Ni que decir tiene que Sacristán, que nunca fue, desde su compromiso político marxista-comunista, ni incluso antes, un filósofo al uso, no se conformó con la reflexión teórica ni con la mera agitación propagandística. Organizó, luchó y combatió en organizaciones tan esenciales como el CANC, el Comité Antinuclear de Catalunya, junto a Paco Fernández Buey, Víctor Ríos, Toni Domènech o Joan Pallisé; intervino en el interior de Comisiones Obreras y era frecuente verle en manifestaciones obreras y ciudadanas en Barcelona repartiendo papeles y documentos, además de impartir numerosas y concurridas conferencias sobre la temática, sobre el ecologismo, sobre el antimilitarismo, contra la energía nuclear y, déjenme que no olvide este paisaje, contra la estafa aléfica que significó nuestra permanencia en la OTAN, una falsaria y estudiada generación de consenso ciudadano que permitió nuestra permanencia en una alianza militar criminal como el tratado del Atlántico Norte, dirigido durante años, déjenme que recuerde su nombre, por el «socialista» Javier Solana.

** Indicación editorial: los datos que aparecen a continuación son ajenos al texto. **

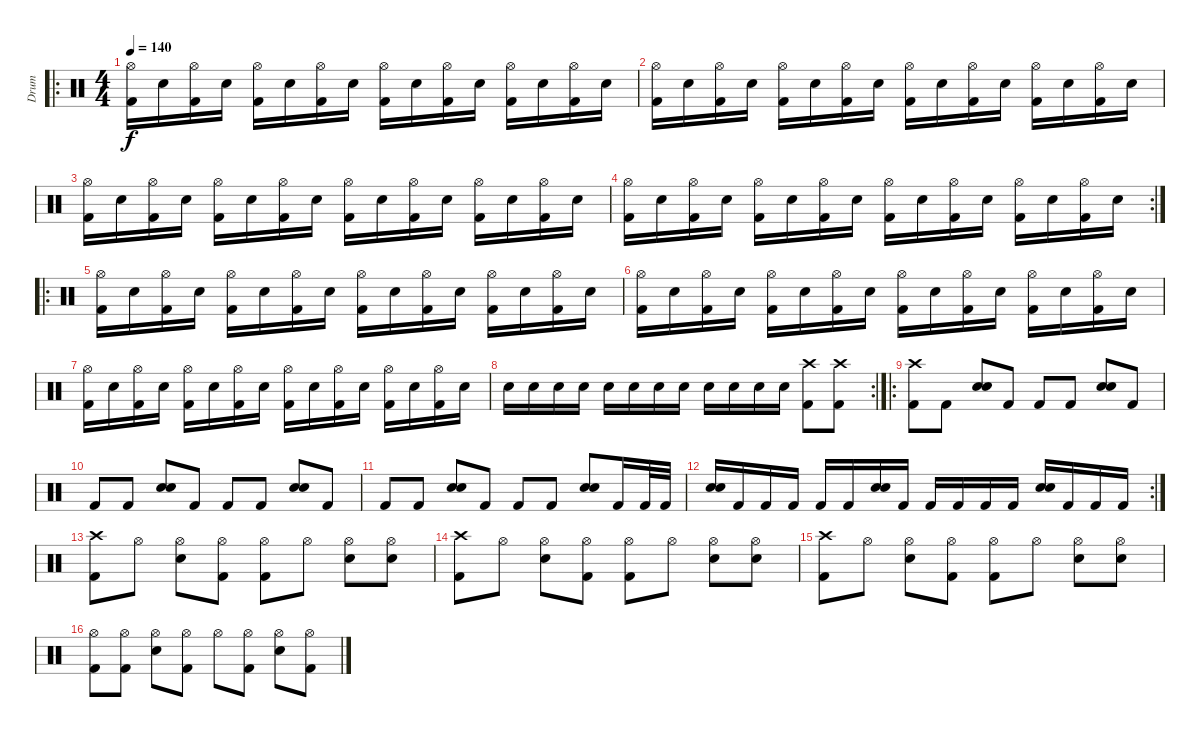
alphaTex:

En el marco de nuestra edición española de Lukács, escribía Sacristán en la edición de las Aportaciones a la historia de la estética, «este volumen debe dar testimonio de esta excepcional y llamativa característica del pensador húngaro». Con independencia de lo que cada lector -marxista o no- estuviera dispuesto a recibir de la obra de Lukács, añadía, «nadie puede negarle esa peculiar capacidad de fundir la viva y ágil irrequietud del pensamiento, la constante receptividad para con novedades y profundidades recién vistas, con una persistencia de verdadero clásico en cuanto a una media docena de criterios histórico-filosóficos y estéticos básicos, a los cuales es fiel nuestro autor a través de las vicisitudes de una agitada vida de pensador, escritor y político».

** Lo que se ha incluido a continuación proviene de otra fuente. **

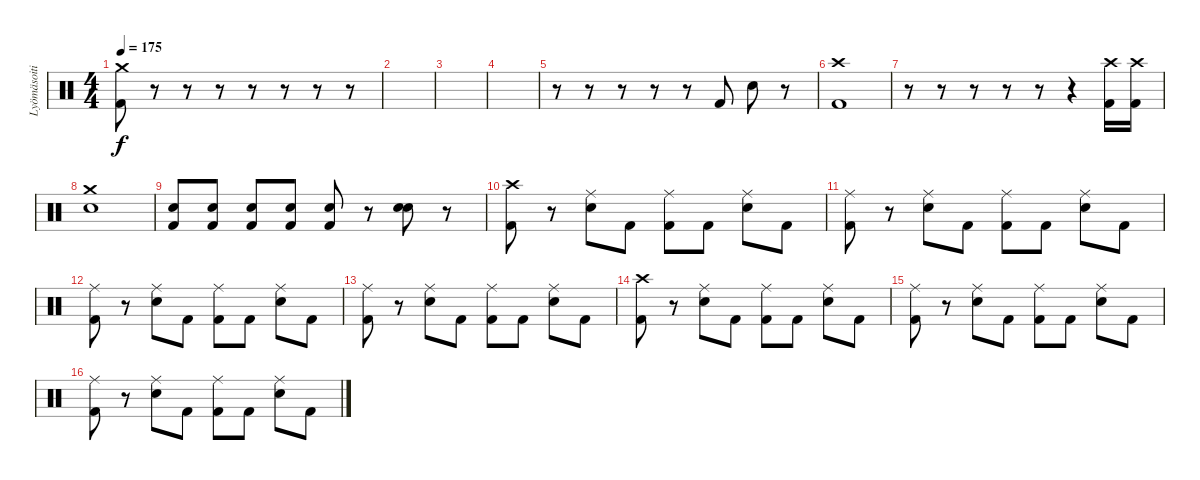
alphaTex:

Algo similar puede decirse de su vida y de su hacer. Sacristán no fue, propiamente, sin más matices, un pensador ecologista ni siquiera un ecosocialista hoy al uso, o un dirigente político sensible, preocupado por un desarrollo sostenible de la economía. No, Sacristán, fue un ecocomunista, alguien que no idealizó, desde luego, la arista ecologista a los países del socialismo (ir)real, como sí haría -o jugara a hacer- el que fuera su amigo y compañero en este ámbito, Wolfgang Harich, de cuyos análisis Sacristán bebió críticamente, alguien, Sacristán, para quien el socialismo no consistía en hacer lo mismo que el capitalismo aunque mejor, más eficazmente, y con un poquito más de humanidad, sino, esencialmente, construir algo nuevo, una nueva cultura, una nueva forma de relacionarnos con la Naturaleza y entre nosotros a través de nuevos procedimientos democráticos participativos, evitando que la Tierra se convirtiera en un estercolero. En el editorial del número 1 de mientras tanto, él mismo señaló la urgencia de la tarea que habría que proponerse «para que tras esta noche oscura de la crisis de una civilización despuntara una humanidad más justa en una Tierra habitable, en vez de un inmenso rebaño de atontados ruidosos en un estercolero químico, farmacéutico y radiactivo».

A muchos de nosotros, ese programa nos siguen pareciendo una aspiración necesaria, urgente, razonable y sin duda justa. Gracias.

Notas:

[1] Véase sin permiso, nº 7, 2010.

[2] Los textos de Sacristán que he usado en esta comunicación provienen fundamentalmente de los escritos recogidos en Pacifismo, ecologismo y política alternativa (Barcelona, Icaria-Público, 2010), de conferencias incluidas en M. Sacristán, Seis conferencias (Barcelona, El Viejo Topo, 2005) y de otros textos inéditos, transcritos por mi, o que están ubicados entre la documentación depositada en Reserva de la Biblioteca Central de la UB, fondo Sacristán.